How I spent my winter vacation…

I had a list a mile long of things I wanted to accomplish this vacation, including writing up a faq about the imminent loss of the DAFIF data, adding some more data to my extended GPX file, and writing a tach book entry program for my flying club.

Instead I spent the whole damn thing catatonic in front of the TV or the computer. However, I did nearly manage to finish Bad Magic a very funny book. I should be finished by tonight (except the appendices). I don’t read nearly enough books these days, so it’s good to find a good one and time to read it.

Oh well.

Half Life 2

I got Half Life 2 for Christmas. It arrived this afternoon. So far today I’ve spent about 2 hours playing it, and so far I’ve gotten to two “exposition points” where you meet somebody friendly and you think they are going to explain everything to you, but really all they do is say “You’ve got to get to so-and-so’s lab, RUN LIKE HELL”. I’ve met a lot of those ghoulish looking “Civil Protection” guys, and those flying buzz saws, and just a minute ago I got cut to ribbons by a helicopter gunship of some sort. I’ve got my crow bar, a pistol and a submachine gun. Ammo for the SMG is darn scarce, which is annoying. Back in HL1, it seemed you used the MP5 all the time – I find myself having to be more careful about this SMG.
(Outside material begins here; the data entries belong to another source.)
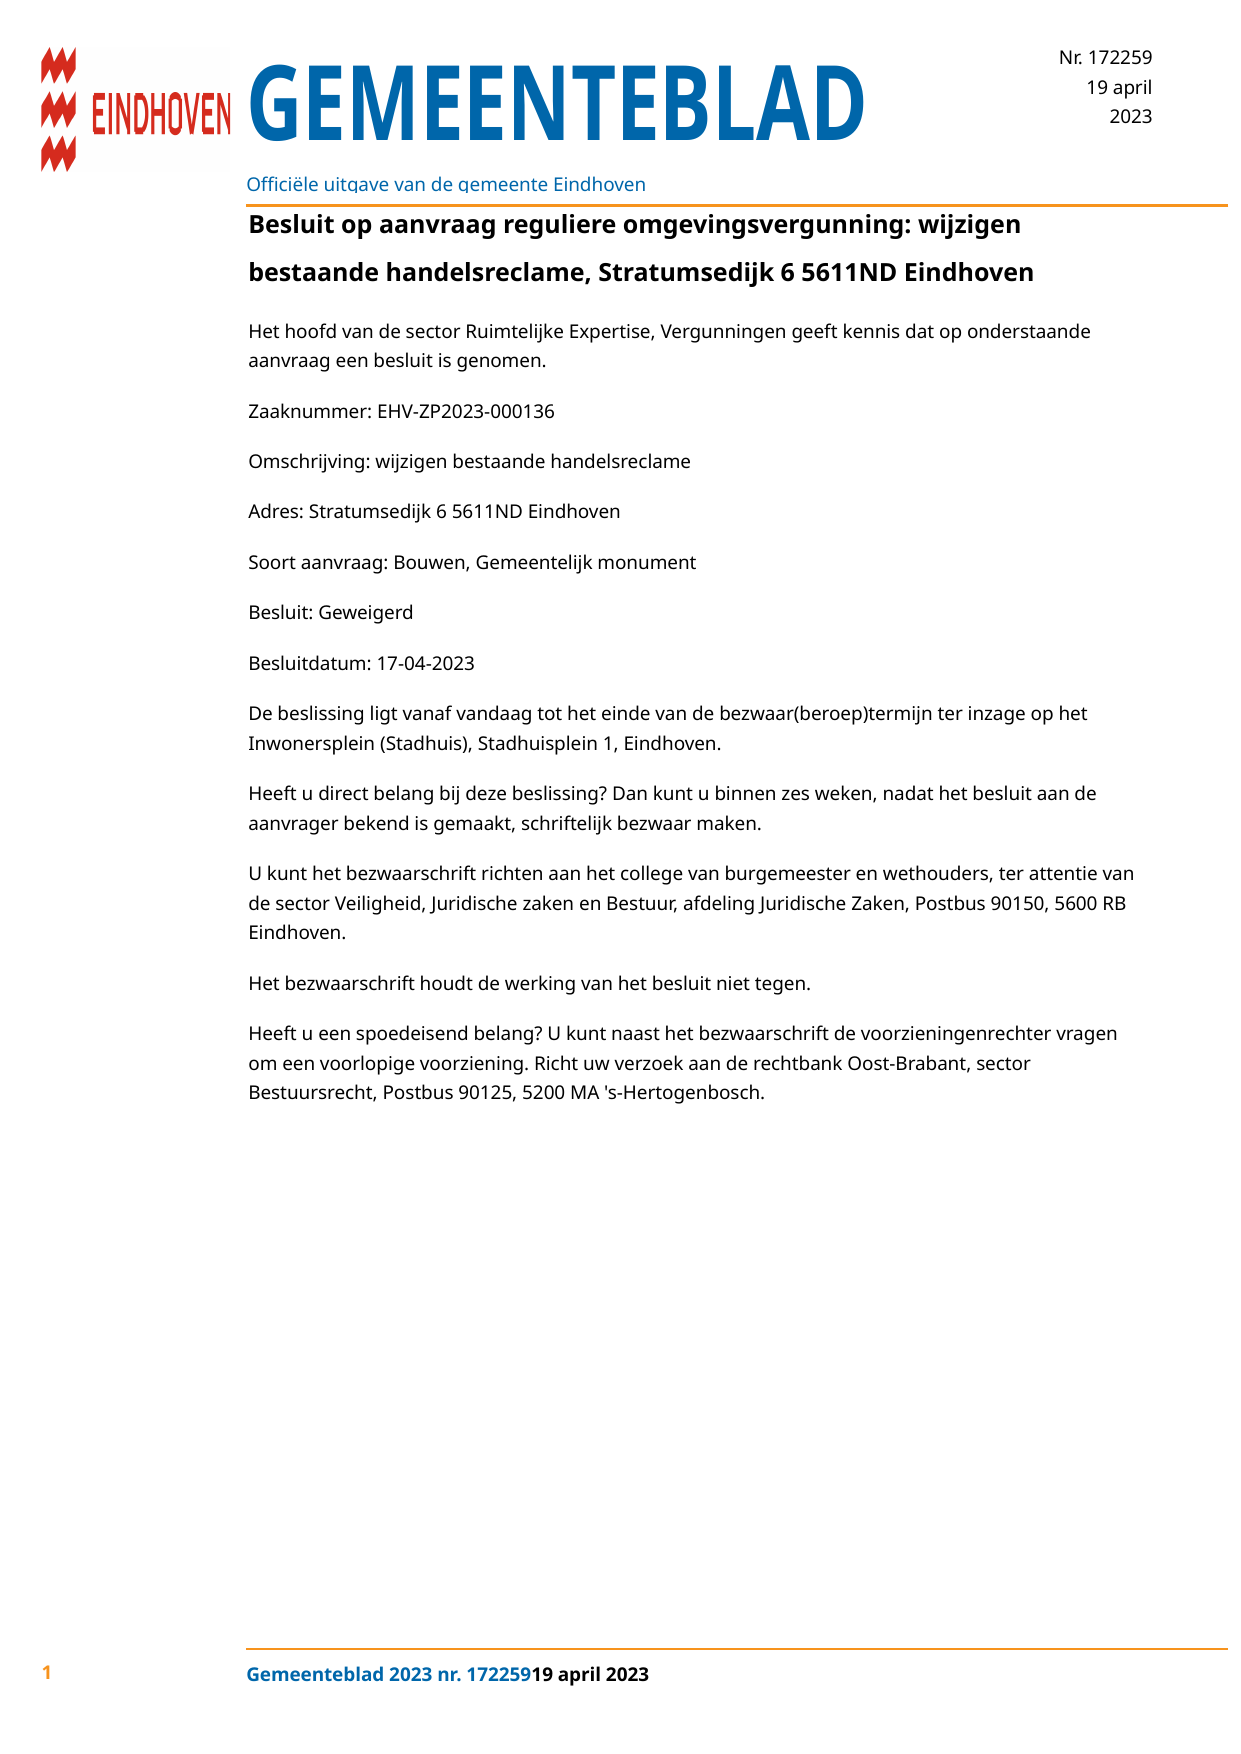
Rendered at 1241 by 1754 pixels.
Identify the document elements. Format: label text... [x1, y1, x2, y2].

text Besluit op aanvraag reguliere omgevingsvergunning: wijzigen bestaande handelsreclame, Stratumsedijk 6 5611ND Eindhoven [248, 207, 1152, 288]
text Soort aanvraag: Bouwen, Gemeentelijk monument [248, 549, 1152, 575]
text Besluit: Geweigerd [248, 599, 1152, 625]
text Het bezwaarschrift houdt de werking van het besluit niet tegen. [248, 970, 1152, 996]
text Het hoofd van de sector Ruimtelijke Expertise, Vergunningen geeft kennis dat op onderstaande aanvraag een besluit is genomen. [248, 318, 1152, 373]
text Heeft u direct belang bij deze beslissing? Dan kunt u binnen zes weken, nadat het besluit aan de aanvrager bekend is gemaakt, schriftelijk bezwaar maken. [248, 780, 1152, 836]
text Besluitdatum: 17-04-2023 [248, 650, 1152, 676]
text Zaaknummer: EHV-ZP2023-000136 [248, 398, 1152, 424]
text De beslissing ligt vanaf vandaag tot het einde van de bezwaar(beroep)termijn ter inzage op het Inwonersplein (Stadhuis), Stadhuisplein 1, Eindhoven. [248, 700, 1152, 756]
picture [41, 47, 231, 172]
text Heeft u een spoedeisend belang? U kunt naast het bezwaarschrift de voorzieningenrechter vragen om een voorlopige voorziening. Richt uw verzoek aan de rechtbank Oost-Brabant, sector Bestuursrecht, Postbus 90125, 5200 MA 's-Hertogenbosch. [248, 1020, 1152, 1105]
text U kunt het bezwaarschrift richten aan het college van burgemeester en wethouders, ter attentie van de sector Veiligheid, Juridische zaken en Bestuur, afdeling Juridische Zaken, Postbus 90150, 5600 RB Eindhoven. [248, 860, 1152, 945]
text Omschrijving: wijzigen bestaande handelsreclame [248, 448, 1152, 474]
text Adres: Stratumsedijk 6 5611ND Eindhoven [248, 499, 1152, 524]

Technically the graphics are stunning, the AI looks way better, and so far I’ve seen some very cool things. One of the interesting things was the way the NPCs would keep turning their head towards you as you walked around them when they were talking.

Of course, all this technical sophistication comes with a cost. The original came on one CD, this one comes on 5. I played the original on a 300MHz Celeron 300A overclocked to 450MHz and a 16Mb TNT graphics card. This one is a Athlon XP2400+ processor and an 128Mb ATI graphics card, and I get the impression I’m barely keeping up. The hideously slow loads as you move from one area to the next are still there, and they seem longer. One of the strangest things is that some mobile objects fade away as you walk half-way across a room away from them. The smaller the object, the sooner they fade away. One thing that was a little annoying to me was the lack of an Obstacle Course or Boot Camp to get used to the movement controls. Instead, as you progress you get little prompts the first time you are likely to need something, like “Use Z to zoom”, in a box on the screen. (Speaking of which, I wish I could shoot when I’m zooming.)

I’m only playing at medium level this time, which is just as well – I keep getting my ass nearly shot off, and then finding a big cache of health/ammo/armour. As a matter of fact, just before I quit, I found one that got me from about 17 health and no armour up to 100 health and 30 armour. Laura remarked “You know you’re being prepped to hit something really nasty”, and she’s right. So I hit save and decided to call it a night.

I can tell that this game is going to be fun. I don’t know if it’s going to be as much fun as the original, but it’s looking good so far.

Blast from the Past

One of my former cow-orkers at GeoVision just sent me this picture from one of our pick-up hockey games:

GeoHockey, as we called it, was a blast. I was terrible at it, but it got me a chance to get some exercise. The best part, though, was getting an ice-level view of some really good hockey players. There was one guy, Chris Fanjoy, who played in a couple of leagues, and because he played 4 or 5 times a week his equipment never dried out – you could smell him coming sometimes. There was another guy, dammit I forget his name, who just about danced on his skates – I remember just standing there in awe at what a fluid and natural skater he was. There were several other really good players, and watching them make plays gave you a sense of the game that I never got from watching it on TV.

There was another guy who I was always glad to see, because with him there I wasn’t the worst skater on the ice. He never changed his clothes – he skated in the same black jeans that he’d go to work in.

And there was a guy or two I was always sorry to see – they were good players, but they cared too much about scoring, and not enough about having fun. One of them would cuss me out for not having enough equipment after he’d broken the rules and raise the puck or after I’d limp off after he body checked me to the ground. We didn’t allow body checking or raising because this was supposed to be a fun thing, and some people didn’t have full equipment (namely cups).

We usually didn’t have goalies either – we just turned the nets around backwards and you had to bounce the puck off the back boards into the net to score.

Normally it was so much fun that it was worth the knee pain afterward.